In a single, fluid motion Willow appeared to raise the ax above her head and bring it crashing down into the segment of log, splitting it through and ringing the ax-head against the paving stone of the street. The man stood aghast, staring at what he thought he’d seen.
But that’s not what happened. Willow raised the ax itself, her arms going along for the ride. She brought it down like an extension of her body, like an extra joint, and it passed through the log like it was made of spun candy.
As she retrieved the ax she bent the edge of the blade back from where she’d rolled it on the stone and handed it back to the burly man. It was like losing a limb to release the ax, but she did it anyway.
If she couldn’t be normal, she could at least act the part.
He drew up a contract and signed her with the guild as an apprentice, a shocked look on his face all the while. He’d be her master, as his own apprentice had recently passed to journeyman. She suspected he just didn’t believe what he’d seen and didn’t want his mistake to be discovered by another when she couldn’t recreate her stunt out in the field.
Her first trip out past the walls was the next morning, and she didn’t get any advanced pay to put together an outfit for the trip. But she had a year’s tuition of gold still to her name, and enough time before sunset to find a place to stay.
She retrieved her cane from the drainpipe she’d hidden it behind and began stalking toward the worker housing her new master had mentioned.
🜛
Willow didn’t have much to move from the house on Grave street, but she stayed until Bryan got home that night to tell them both she was leaving. They took it well, better than she was expecting, and didn’t try to convince her out of it. Bryan asked her master’s name and she gave it, although she wondered why. He nodded in approval.

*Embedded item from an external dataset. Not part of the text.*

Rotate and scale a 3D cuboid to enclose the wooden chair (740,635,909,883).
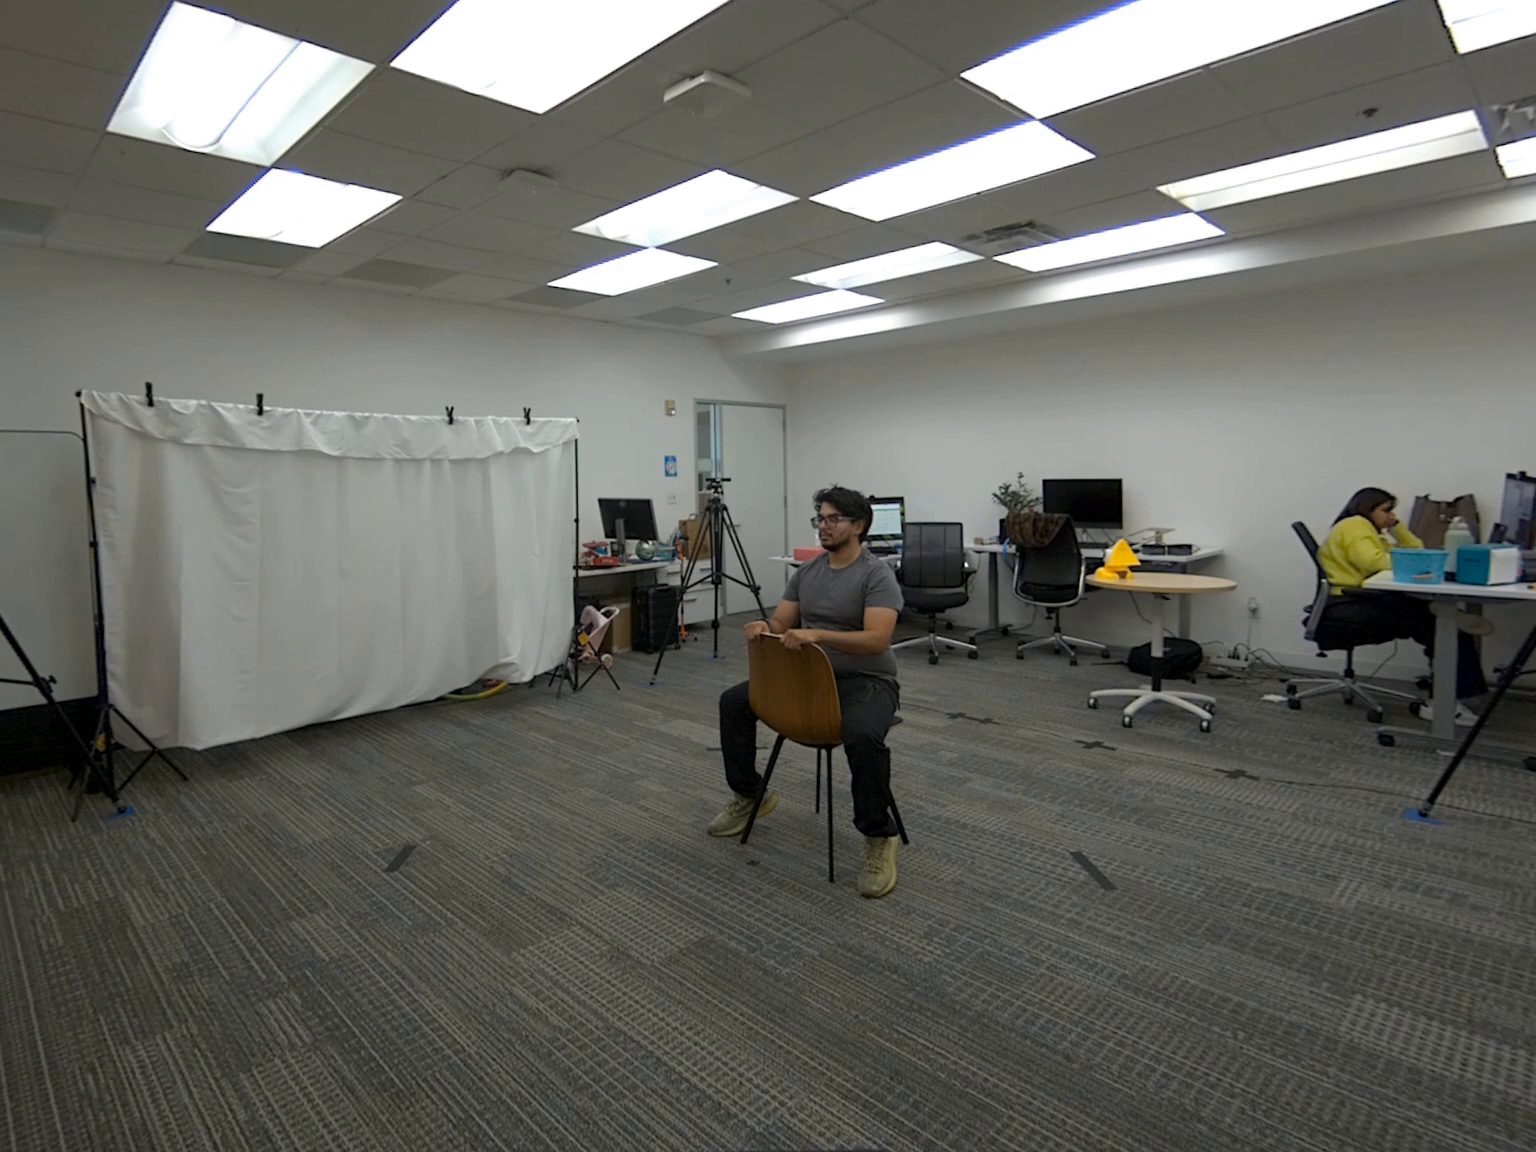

“He’ll treat you right,” Bryan said, but there was a little bit of threat in the statement, although not toward her. Margaret came around the table and embraced her.
“We love you Willow,” she said. “Nothing else matters. You’ll always be family to us.”
Nothing else matters. It was the worst thing she could have said, because it was a lie. She only thought that because she didn’t know the woman she was embracing was a murderer. She didn’t know what Willow really was, what she’d always been deep down and had allowed herself to be molded into.
But if it was such a lie, then why was she crying?
Benny didn’t understand, and he bawled at the frission in the room. Margaret took him away and left Bryan and Willow to say their goodbyes.
“You know where we are,” Bryan said. “If you need anything—”
“Thanks,” Willow said, and smiled. “It feels like I’m going away, but I’ll just be five streets over.”
He smiled. “I’ve grown used to you, I guess. Will Leopold be staying with you?”
Willow’s mood soured and she looked at her feet. “I don’t think so. I don’t think he can… stand the sight of me.”
Bryan gripped her upper arm and she looked into his face.
“That’s not true. And the sooner you realize that, the better you’ll feel.”
She nodded, even though he didn’t know what he was talking about. It seemed like such a waste to argue with him on the eve of her departure. He hugged her gently and she tried to wrap her arms around his broad back, but failed.
When she left the house, she could see only a single one of the pale magelights still hovering nearby over the roofs.